Enfim, cabe ressaltar que a defesa do compromisso com a justiça curricular implica reconfigurar as relações de poder na escola, valorizar os saberes das crianças e das comunidades, e sustentar práticas pedagógicas que concretizem a equidade como direito e experiência vivida.

A segunda conferência da noite foi proferida pelo meu grande amigo Ademilson de Sousa Soares da Universidade Federal de Minas Gerais, carinhosamente chamado de professor Paco. O professor Ademilson é Pós-doutor em Educação (PUCMinas), doutor em Educação (UFMG), graduado em Filosofia (PUCMinas), atua em cursos de graduação e de pós-graduação da Faculdade de Educação da UFMG. Integrante do Núcleo de Estudos e Pesquisas sobre Infância e Educação Infantil (NEPEI-FAE-UFMG) e do Grupo de Estudos e Pesquisas em Educação Superior – GEPES-UPF. Editor-chefe da Editora Selo FaE (FaE-UFMG). Coordenador do projeto financiado pela FAPEMIG intitulado: “Análise das políticas para Educação Infantil a partir do pensamento de Hannah Arendt”. Coordenador da pesquisa em andamento “Metapesquisa no campo dos estudos da infância entre 2000 e 2024”. Participa junto com seus orientandos de mestrado e doutorado no Gepes desde 2023 e tem prestado uma contribuição ímpar para nossos estudos, de modo especial no campo da educação infantil. Neste escrito vou chama-lo carinhosamente de professor Paco. Na sequência exponho uma síntese das principais ideias apresentadas em sua conferência e contidas no texto “A educação infantil não rima com currículo escolar: palavras e conceitos que nos desafiam” (Soares; Silva; Lopes; Oliveira; Santos, 2025) indicado como leitura prévia para os participantes do curso de extensão.

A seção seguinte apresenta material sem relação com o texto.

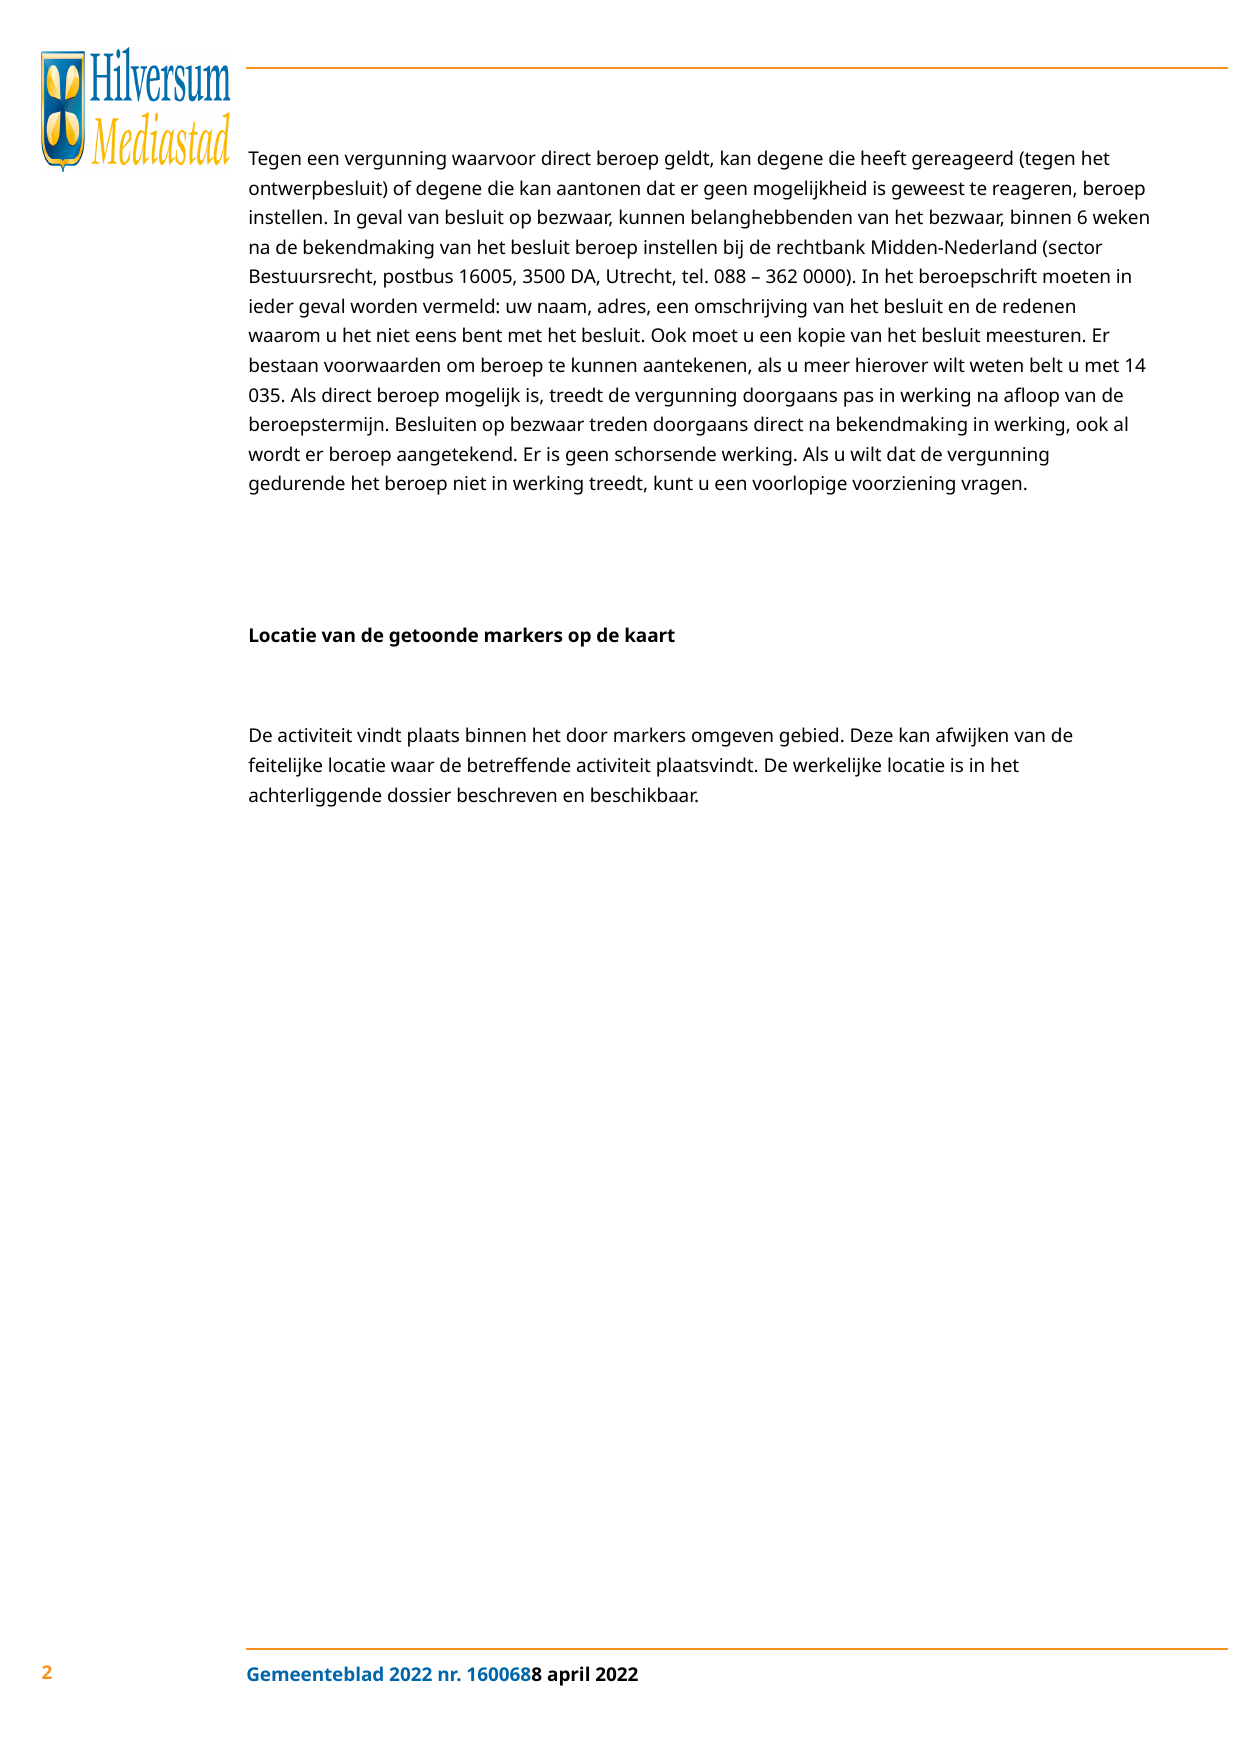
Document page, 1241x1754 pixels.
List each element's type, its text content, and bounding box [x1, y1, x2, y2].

text De activiteit vindt plaats binnen het door markers omgeven gebied. Deze kan afwijken van de feitelijke locatie waar de betreffende activiteit plaatsvindt. De werkelijke locatie is in het achterliggende dossier beschreven en beschikbaar. [248, 723, 1152, 808]
text Tegen een vergunning waarvoor direct beroep geldt, kan degene die heeft gereageerd (tegen het ontwerpbesluit) of degene die kan aantonen dat er geen mogelijkheid is geweest te reageren, beroep instellen. In geval van besluit op bezwaar, kunnen belanghebbenden van het bezwaar, binnen 6 weken na de bekendmaking van het besluit beroep instellen bij de rechtbank Midden-Nederland (sector Bestuursrecht, postbus 16005, 3500 DA, Utrecht, tel. 088 – 362 0000). In het beroepschrift moeten in ieder geval worden vermeld: uw naam, adres, een omschrijving van het besluit en de redenen waarom u het niet eens bent met het besluit. Ook moet u een kopie van het besluit meesturen. Er bestaan voorwaarden om beroep te kunnen aantekenen, als u meer hierover wilt weten belt u met 14 035. Als direct beroep mogelijk is, treedt de vergunning doorgaans pas in werking na afloop van de beroepstermijn. Besluiten op bezwaar treden doorgaans direct na bekendmaking in werking, ook al wordt er beroep aangetekend. Er is geen schorsende werking. Als u wilt dat de vergunning gedurende het beroep niet in werking treedt, kunt u een voorlopige voorziening vragen. [248, 145, 1152, 496]
picture [41, 47, 231, 172]
text Locatie van de getoonde markers op de kaart [248, 622, 1152, 648]
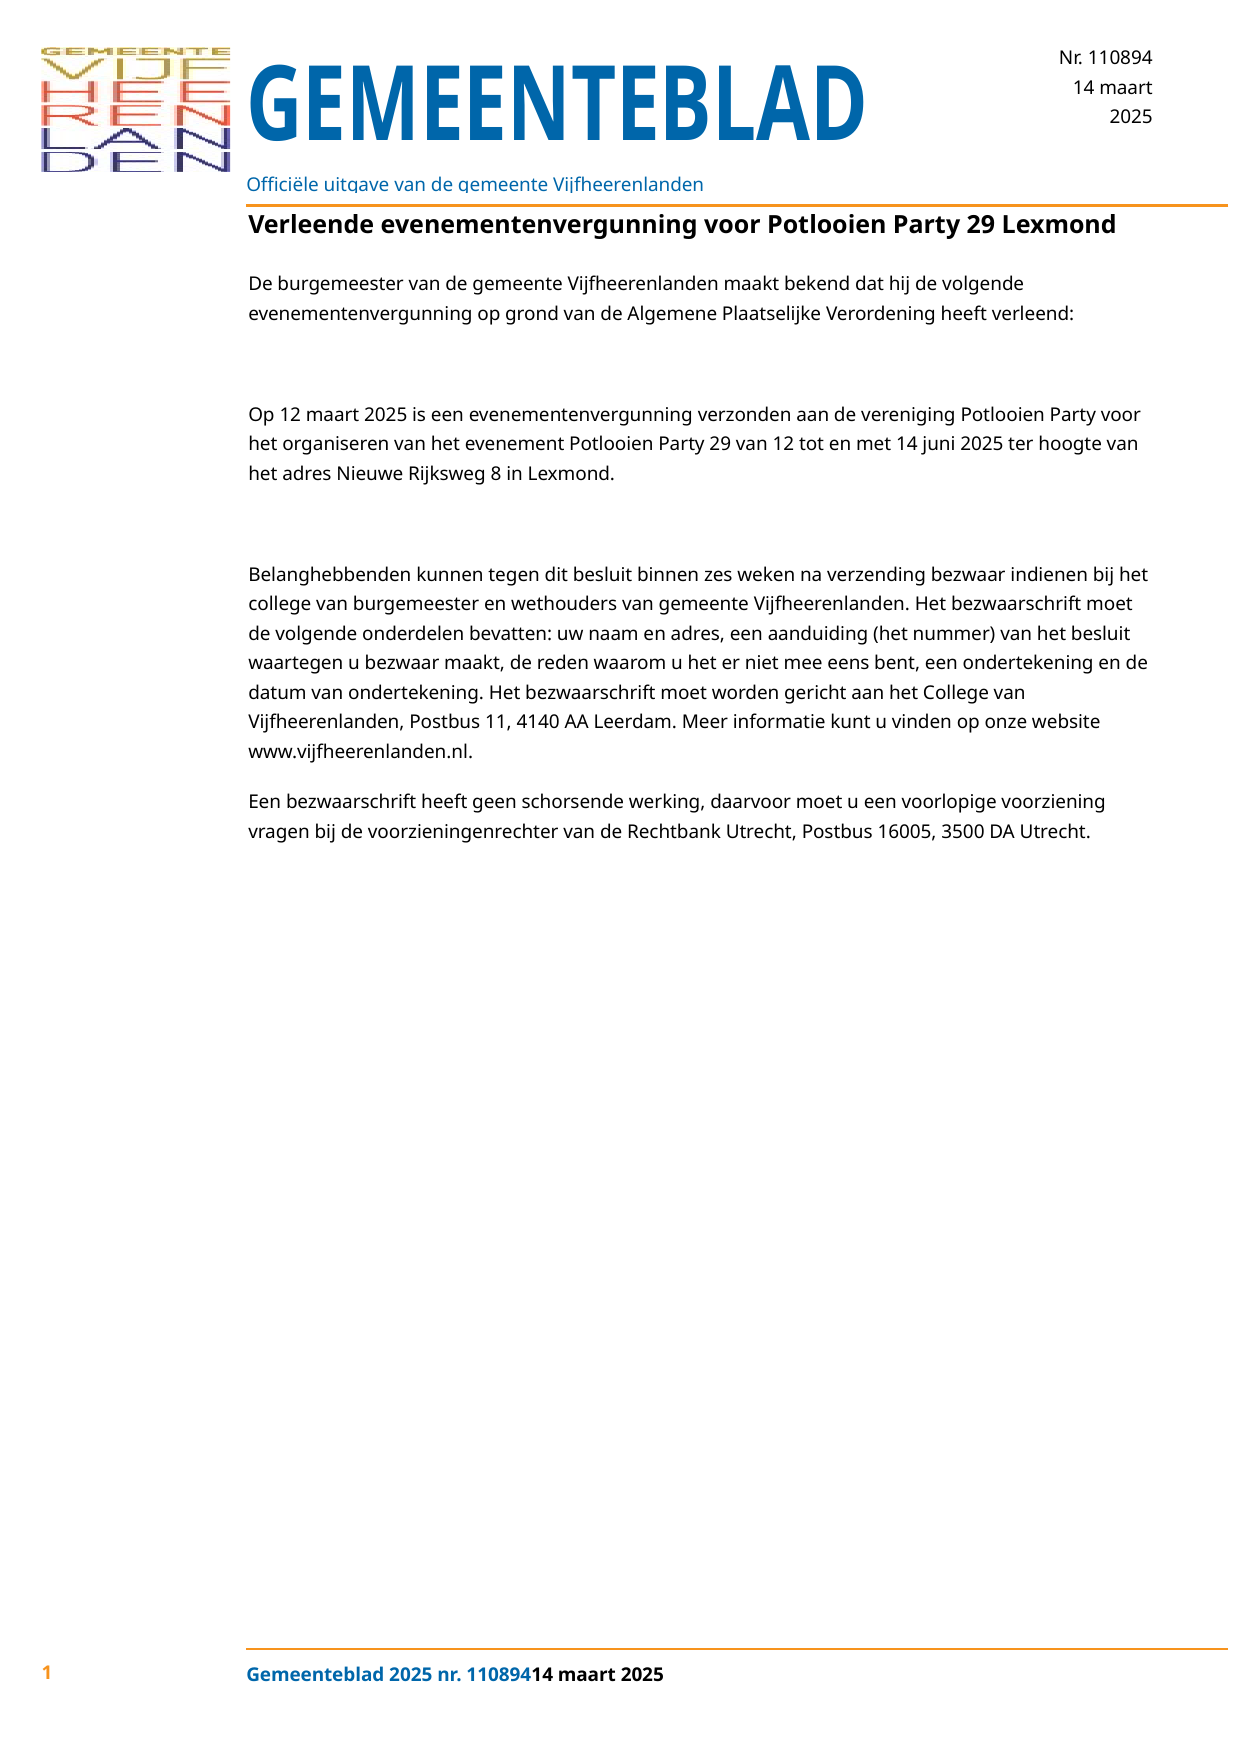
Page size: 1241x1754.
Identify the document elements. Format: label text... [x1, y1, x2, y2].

text Verleende evenementenvergunning voor Potlooien Party 29 Lexmond [248, 207, 1152, 241]
text Op 12 maart 2025 is een evenementenvergunning verzonden aan de vereniging Potlooien Party voor het organiseren van het evenement Potlooien Party 29 van 12 tot en met 14 juni 2025 ter hoogte van het adres Nieuwe Rijksweg 8 in Lexmond. [248, 401, 1152, 486]
text Een bezwaarschrift heeft geen schorsende werking, daarvoor moet u een voorlopige voorziening vragen bij de voorzieningenrechter van de Rechtbank Utrecht, Postbus 16005, 3500 DA Utrecht. [248, 789, 1152, 844]
picture [41, 47, 231, 172]
text Belanghebbenden kunnen tegen dit besluit binnen zes weken na verzending bezwaar indienen bij het college van burgemeester en wethouders van gemeente Vijfheerenlanden. Het bezwaarschrift moet de volgende onderdelen bevatten: uw naam en adres, een aanduiding (het nummer) van het besluit waartegen u bezwaar maakt, de reden waarom u het er niet mee eens bent, een ondertekening en de datum van ondertekening. Het bezwaarschrift moet worden gericht aan het College van Vijfheerenlanden, Postbus 11, 4140 AA Leerdam. Meer informatie kunt u vinden op onze website www.vijfheerenlanden.nl. [248, 561, 1152, 764]
text De burgemeester van de gemeente Vijfheerenlanden maakt bekend dat hij de volgende evenementenvergunning op grond van de Algemene Plaatselijke Verordening heeft verleend: [248, 270, 1152, 326]

A conferência do meu amigo professor Paco teve como foco principal demostrar por que a Educação Infantil não rima como o currículo escolar entendido em seu formato tradicional, como sendo uma lista de conteúdos, disciplinas e prescrições rígidas. Paco e os demais autores que escreveram o texto acima mencionado (Soares; Silva; Lopes; Oliveira; Santos, 2025) argumento que o currículo da Educação Infantil deve ser compreendido como conjunto de práticas que articulam experiências, saberes das crianças e conhecimentos culturais.

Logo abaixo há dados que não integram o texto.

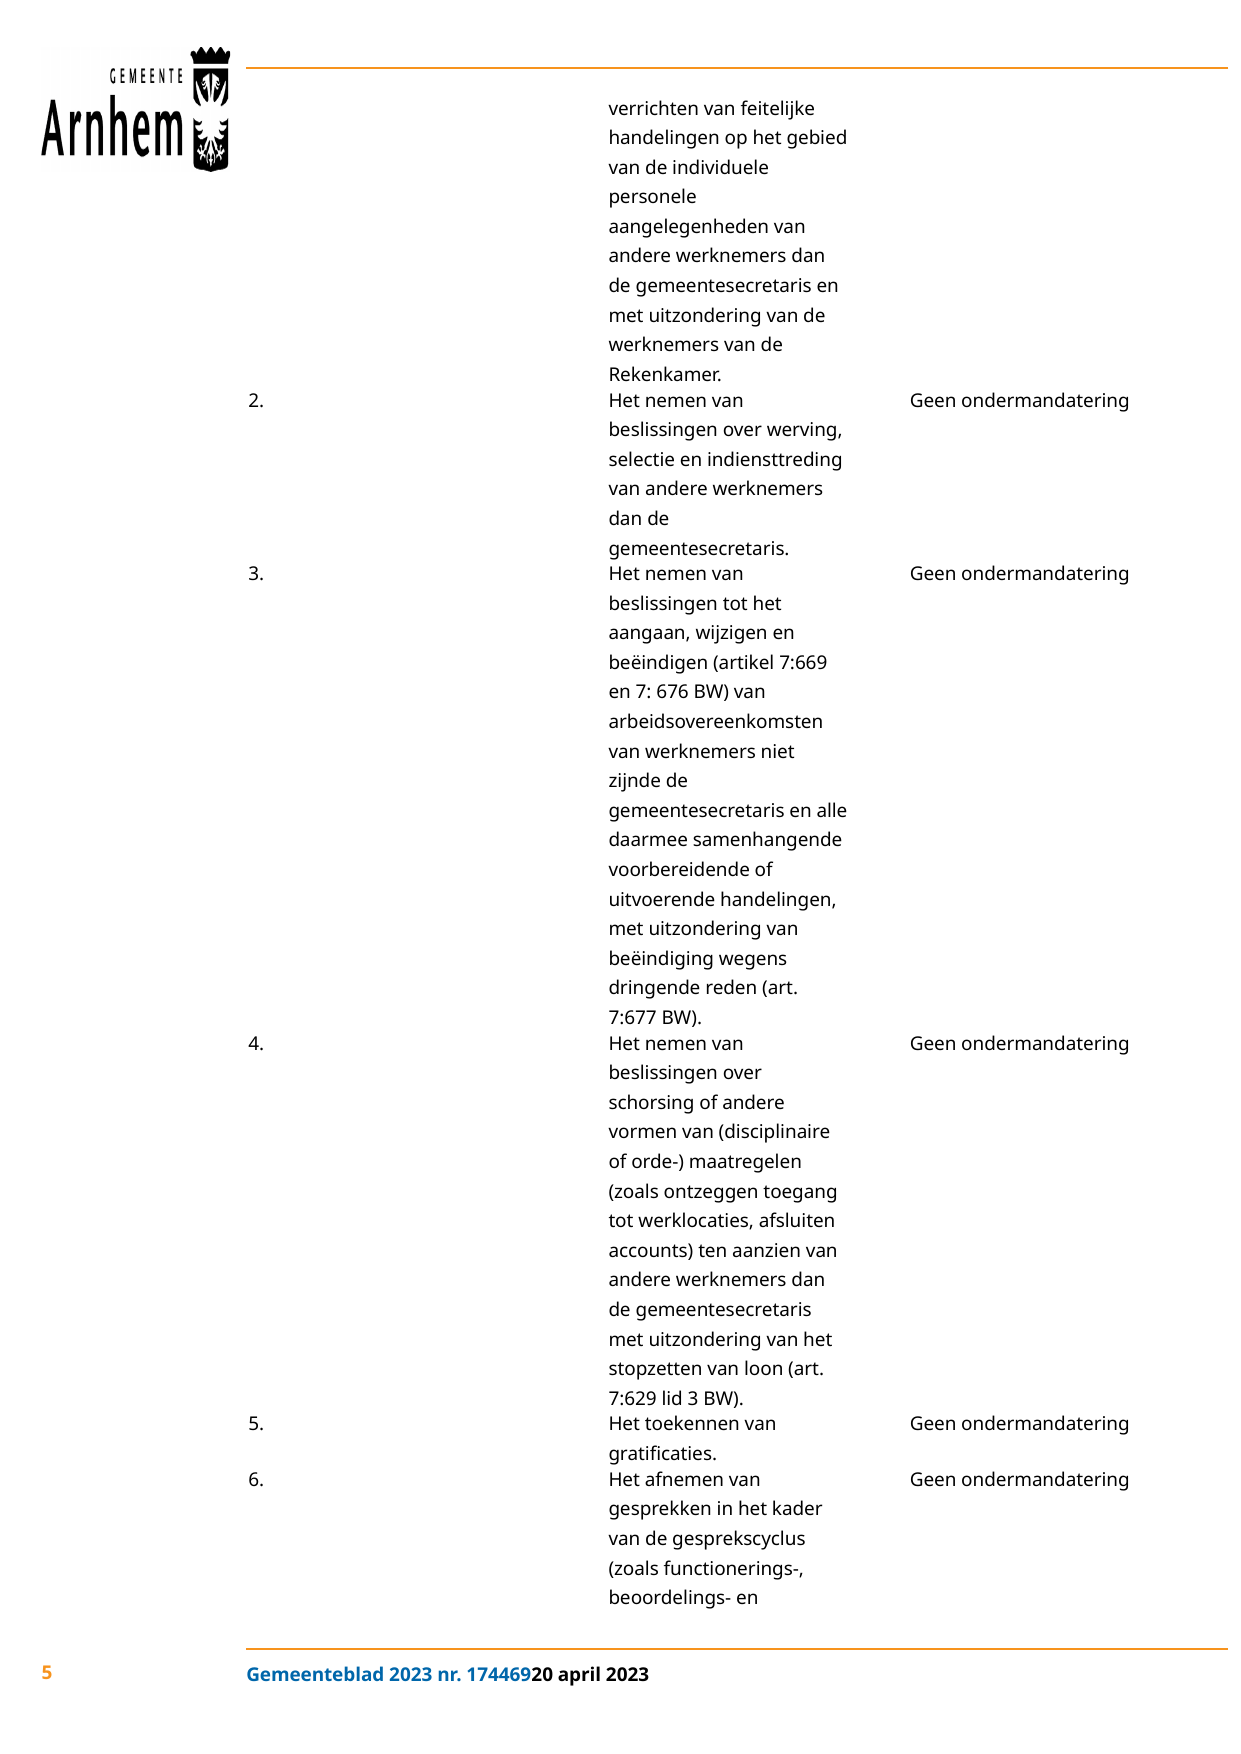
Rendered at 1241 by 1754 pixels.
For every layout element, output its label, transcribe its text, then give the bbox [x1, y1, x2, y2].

table_cell [248, 1030, 549, 1411]
table_cell Geen ondermandatering [850, 1030, 1152, 1411]
table_cell Geen ondermandatering [850, 560, 1152, 1030]
table_cell Het toekennen van gratificaties. [549, 1411, 850, 1466]
table_cell Het afnemen van gesprekken in het kader van de gesprekscyclus (zoals functionerings-, beoordelings- en [549, 1466, 850, 1610]
table_cell [248, 95, 549, 387]
table_cell [248, 387, 549, 560]
table_cell [248, 560, 549, 1030]
table_cell Geen ondermandatering [850, 1411, 1152, 1466]
table_cell verrichten van feitelijke handelingen op het gebied van de individuele personele aangelegenheden van andere werknemers dan de gemeentesecretaris en met uitzondering van de werknemers van de Rekenkamer. [549, 95, 850, 387]
table_cell [850, 95, 1152, 387]
table_cell [248, 1411, 549, 1466]
table_cell Het nemen van beslissingen over werving, selectie en indiensttreding van andere werknemers dan de gemeentesecretaris. [549, 387, 850, 560]
table_cell [248, 1466, 549, 1610]
table_cell Geen ondermandatering [850, 387, 1152, 560]
table_cell Geen ondermandatering [850, 1466, 1152, 1610]
table_cell Het nemen van beslissingen tot het aangaan, wijzigen en beëindigen (artikel 7:669 en 7: 676 BW) van arbeidsovereenkomsten van werknemers niet zijnde de gemeentesecretaris en alle daarmee samenhangende voorbereidende of uitvoerende handelingen, met uitzondering van beëindiging wegens dringende reden (art. 7:677 BW). [549, 560, 850, 1030]
picture [41, 47, 231, 172]
table_cell Het nemen van beslissingen over schorsing of andere vormen van (disciplinaire of orde-) maatregelen (zoals ontzeggen toegang tot werklocaties, afsluiten accounts) ten aanzien van andere werknemers dan de gemeentesecretaris met uitzondering van het stopzetten van loon (art. 7:629 lid 3 BW). [549, 1030, 850, 1411]

Para além da perspectiva normativa (Base, Diretrizes, Documentos), há palavras e conceitos emergentes que expressam uma outra concepção de infância e de currículo: identidade, inventividade, território, diversidade, projetos e justiça curricular. Os argumentos de Paco e do seu grupo estão baseados num qualificado e reconhecido estudo que produziu uma Base de Dados (BD) dos estudos da infância (2000–2022), composta por 4.015 trabalhos, da qual foram selecionados 143 estudos relacionados ao currículo, nos quais situam a discussão na tradição crítica e pós-crítica, mobilizando autores como Hall (2006), Ball (2004; 2006) e Apple (2001) para compreender currículo como texto político, cultural e ideológico.

A tese central defendida pelo meu amigo e seu grupo é de que um currículo para a Educação Infantil não pode ser equivalente ao currículo escolar prescritivo, pois a lógica da infância exige práticas inventivas, abertas e contextualizadas.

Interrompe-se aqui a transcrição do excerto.